- Work instructions -
The answer must consist of every line from the data that holds the string "object".
........
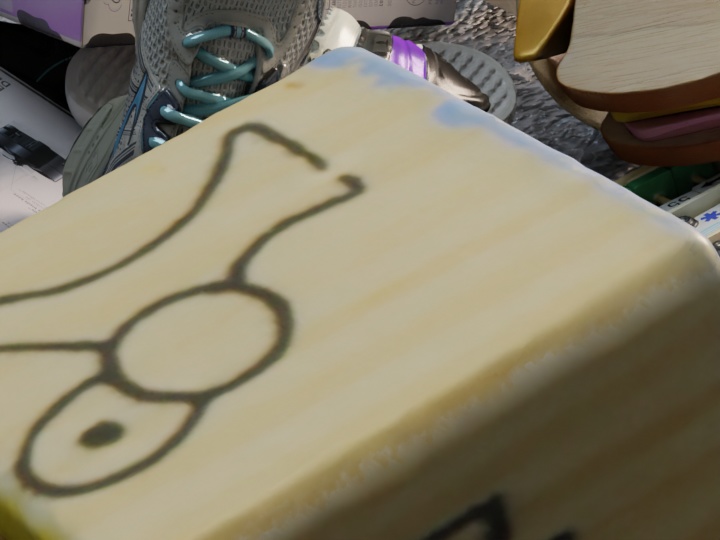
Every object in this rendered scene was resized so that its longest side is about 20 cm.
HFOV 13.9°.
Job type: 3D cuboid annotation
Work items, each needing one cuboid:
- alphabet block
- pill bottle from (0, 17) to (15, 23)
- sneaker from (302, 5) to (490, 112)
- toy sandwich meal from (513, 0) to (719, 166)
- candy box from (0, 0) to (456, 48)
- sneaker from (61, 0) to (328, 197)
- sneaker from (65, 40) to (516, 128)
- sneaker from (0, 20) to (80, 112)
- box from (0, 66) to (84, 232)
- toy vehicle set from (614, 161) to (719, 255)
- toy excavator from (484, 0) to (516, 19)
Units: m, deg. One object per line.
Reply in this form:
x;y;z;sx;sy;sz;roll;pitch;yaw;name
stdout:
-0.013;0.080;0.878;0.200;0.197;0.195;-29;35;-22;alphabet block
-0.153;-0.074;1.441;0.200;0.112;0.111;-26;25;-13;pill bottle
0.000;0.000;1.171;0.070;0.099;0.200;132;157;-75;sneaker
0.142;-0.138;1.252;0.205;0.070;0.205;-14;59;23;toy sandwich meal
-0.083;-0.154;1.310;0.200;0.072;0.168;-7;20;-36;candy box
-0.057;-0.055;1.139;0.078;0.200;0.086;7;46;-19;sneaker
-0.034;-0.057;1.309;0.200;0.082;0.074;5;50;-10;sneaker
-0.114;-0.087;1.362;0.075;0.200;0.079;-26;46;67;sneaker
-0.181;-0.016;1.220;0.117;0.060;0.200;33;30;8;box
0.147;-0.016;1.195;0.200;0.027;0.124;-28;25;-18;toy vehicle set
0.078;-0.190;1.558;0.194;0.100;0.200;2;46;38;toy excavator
........
- Response to the task -
Every object in this rendered scene was resized so that its longest side is about 20 cm.
Units: m, deg. One object per line.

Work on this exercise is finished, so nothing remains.